__Required work__. Records follow. Print exactly the lines from the one that has "Convert chart to" through the one that has "Please provide a", inclusive, and omit the pictures.

__Task material__.
—————

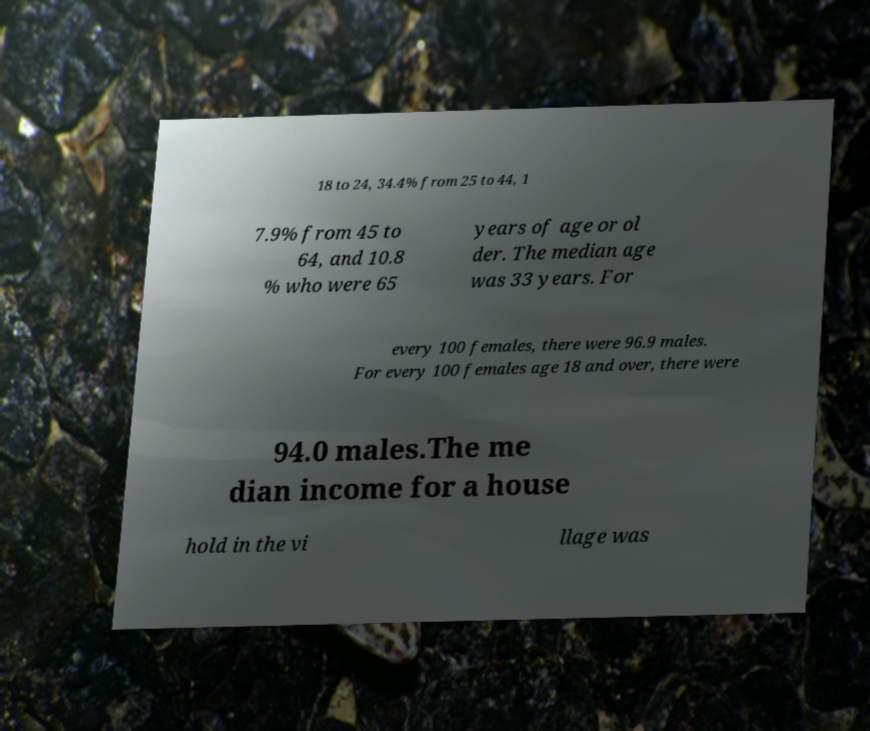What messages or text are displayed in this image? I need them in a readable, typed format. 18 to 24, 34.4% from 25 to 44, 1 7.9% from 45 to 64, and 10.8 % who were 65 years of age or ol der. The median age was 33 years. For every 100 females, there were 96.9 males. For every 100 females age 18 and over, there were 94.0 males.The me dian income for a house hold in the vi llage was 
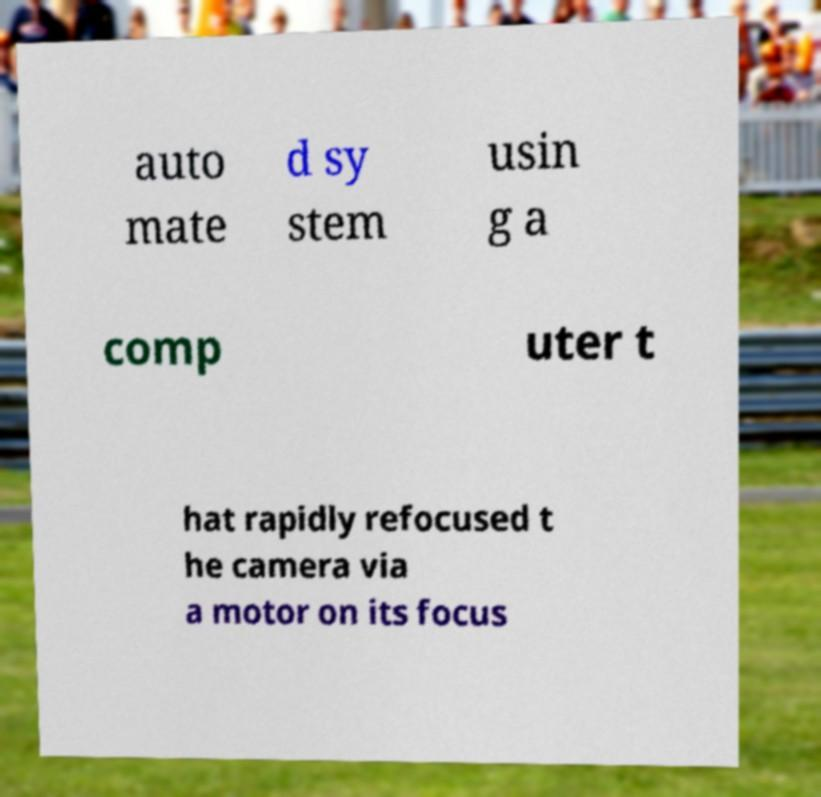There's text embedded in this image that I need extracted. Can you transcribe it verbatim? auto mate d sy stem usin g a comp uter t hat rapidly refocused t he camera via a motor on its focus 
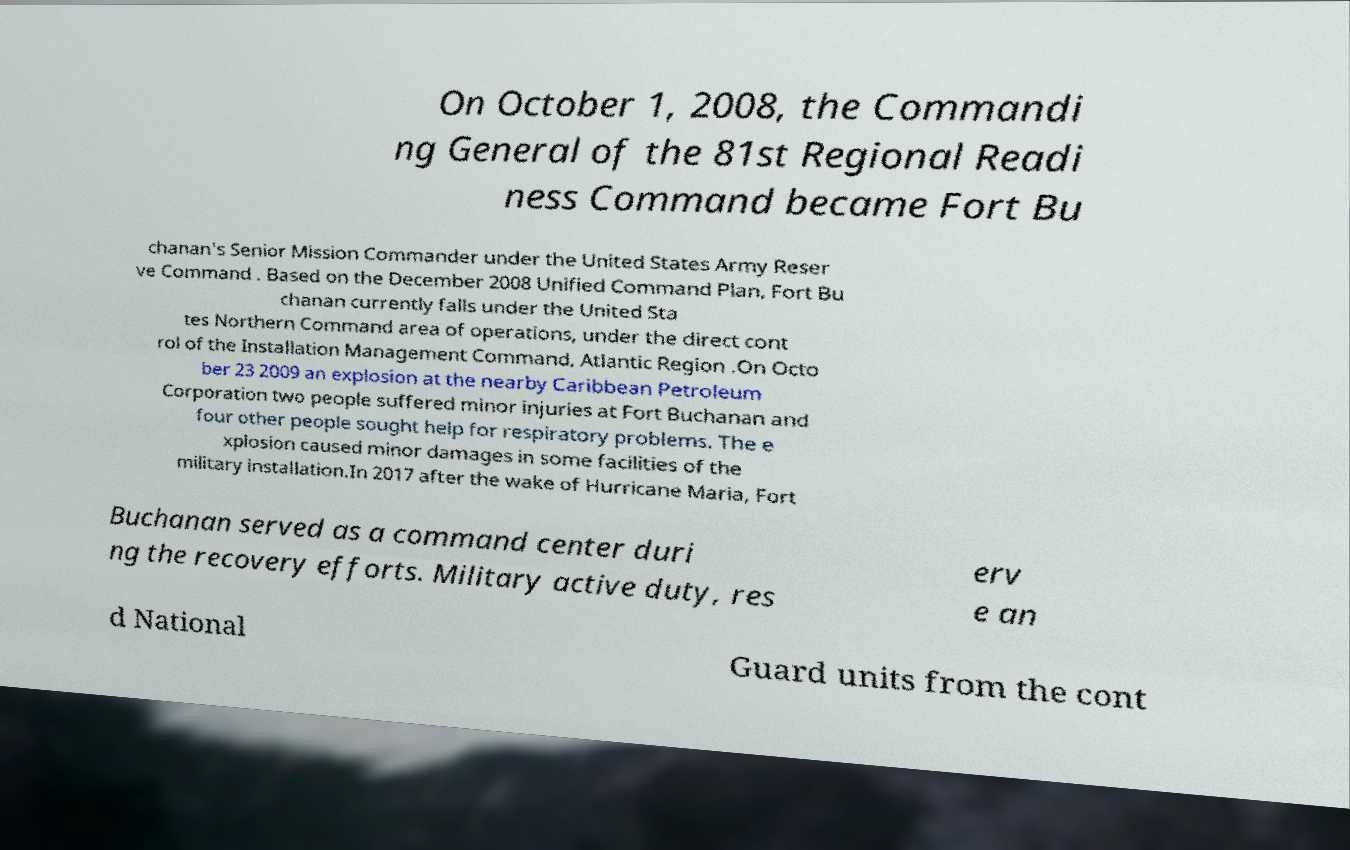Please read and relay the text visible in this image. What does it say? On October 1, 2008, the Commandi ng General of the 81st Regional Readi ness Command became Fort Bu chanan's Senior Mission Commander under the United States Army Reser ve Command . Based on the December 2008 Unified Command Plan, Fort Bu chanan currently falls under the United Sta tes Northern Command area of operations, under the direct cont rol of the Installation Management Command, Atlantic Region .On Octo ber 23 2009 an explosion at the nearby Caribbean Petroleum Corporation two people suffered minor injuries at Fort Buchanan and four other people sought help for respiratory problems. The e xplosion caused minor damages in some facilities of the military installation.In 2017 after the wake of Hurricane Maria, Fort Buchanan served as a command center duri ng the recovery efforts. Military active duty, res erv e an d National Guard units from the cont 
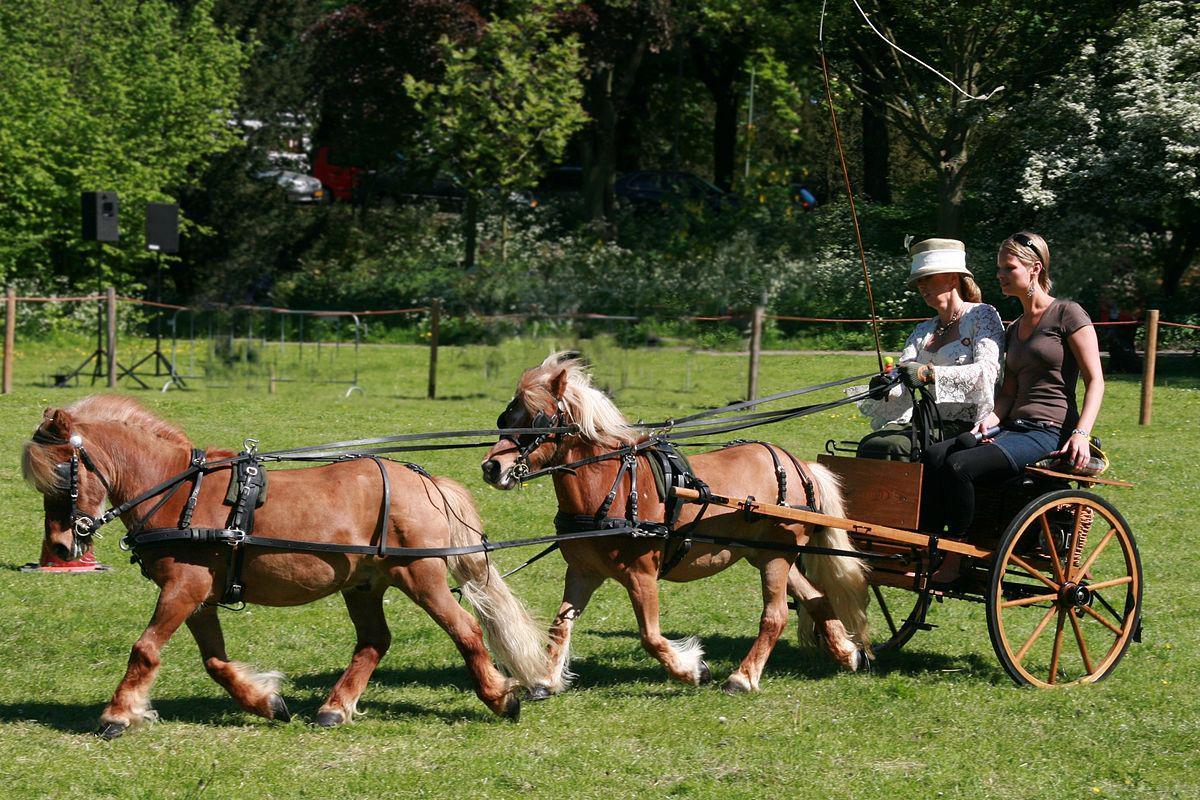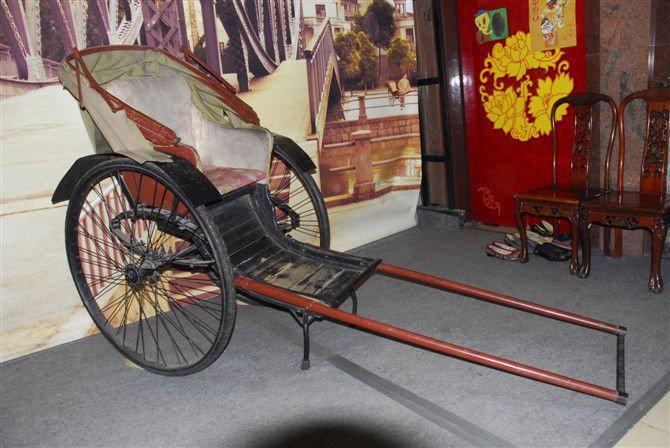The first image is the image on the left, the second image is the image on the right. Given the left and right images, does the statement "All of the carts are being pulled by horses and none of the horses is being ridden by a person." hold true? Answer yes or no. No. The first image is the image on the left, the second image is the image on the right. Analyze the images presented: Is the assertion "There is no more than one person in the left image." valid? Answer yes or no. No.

—————

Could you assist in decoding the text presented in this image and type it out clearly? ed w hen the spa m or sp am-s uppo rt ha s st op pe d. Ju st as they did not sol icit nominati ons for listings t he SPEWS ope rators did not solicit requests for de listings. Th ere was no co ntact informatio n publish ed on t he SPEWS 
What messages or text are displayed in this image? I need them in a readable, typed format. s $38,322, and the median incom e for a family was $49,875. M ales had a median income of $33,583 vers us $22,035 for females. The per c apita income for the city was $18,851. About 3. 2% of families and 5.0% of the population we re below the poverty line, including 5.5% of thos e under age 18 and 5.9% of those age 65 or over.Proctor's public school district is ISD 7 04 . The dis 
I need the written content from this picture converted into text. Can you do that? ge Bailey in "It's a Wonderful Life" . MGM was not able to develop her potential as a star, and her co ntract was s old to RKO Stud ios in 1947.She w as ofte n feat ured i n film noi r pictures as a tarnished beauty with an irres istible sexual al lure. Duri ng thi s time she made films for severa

—————

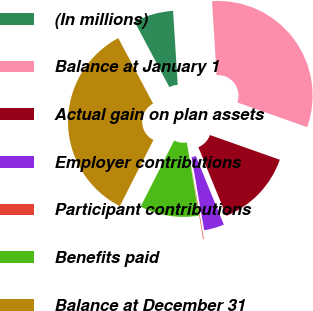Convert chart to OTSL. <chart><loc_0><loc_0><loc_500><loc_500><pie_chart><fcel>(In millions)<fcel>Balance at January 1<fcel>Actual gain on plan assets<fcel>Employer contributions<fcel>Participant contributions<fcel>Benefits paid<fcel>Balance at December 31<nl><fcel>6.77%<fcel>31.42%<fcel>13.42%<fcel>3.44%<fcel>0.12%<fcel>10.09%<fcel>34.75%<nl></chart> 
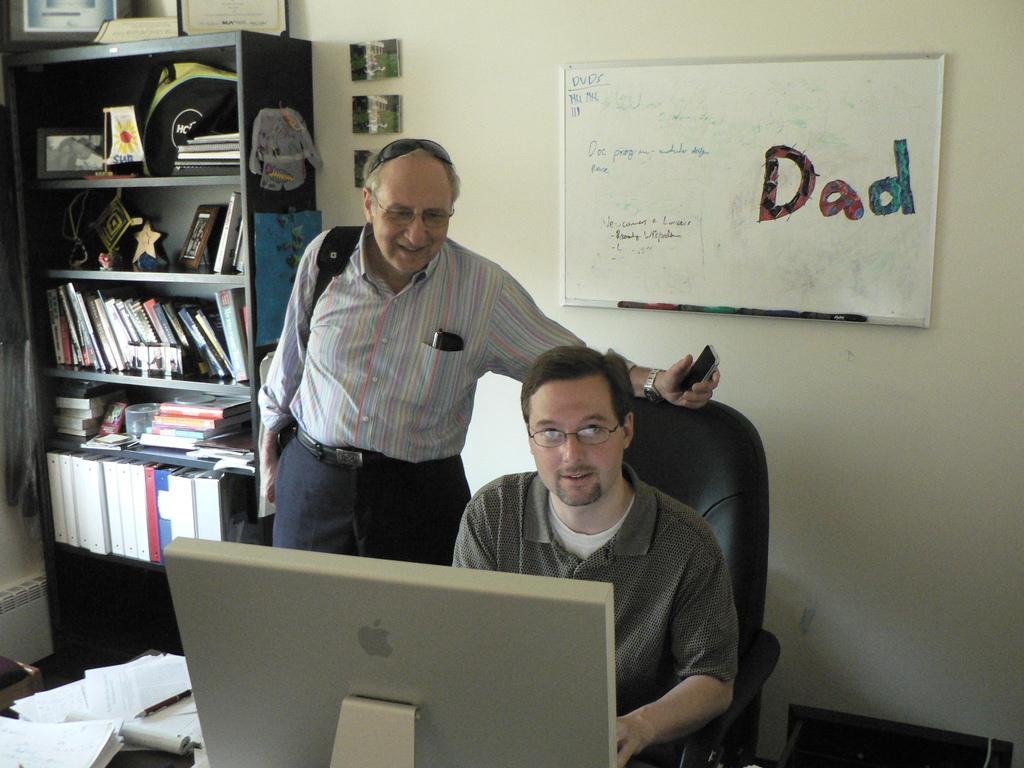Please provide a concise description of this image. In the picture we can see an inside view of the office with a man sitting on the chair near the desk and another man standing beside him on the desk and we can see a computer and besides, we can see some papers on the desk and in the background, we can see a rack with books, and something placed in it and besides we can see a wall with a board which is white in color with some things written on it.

—————

__Exercise answer__.
Convert chart to OTSL. <chart><loc_0><loc_0><loc_500><loc_500><pie_chart><fcel>(In millions)<fcel>Balance at January 1<fcel>Actual gain on plan assets<fcel>Employer contributions<fcel>Participant contributions<fcel>Benefits paid<fcel>Balance at December 31<nl><fcel>6.77%<fcel>31.42%<fcel>13.42%<fcel>3.44%<fcel>0.12%<fcel>10.09%<fcel>34.75%<nl></chart> 
Please provide a concise description of this image. In the picture we can see an inside view of the office with a man sitting on the chair near the desk and another man standing beside him on the desk and we can see a computer and besides, we can see some papers on the desk and in the background, we can see a rack with books, and something placed in it and besides we can see a wall with a board which is white in color with some things written on it.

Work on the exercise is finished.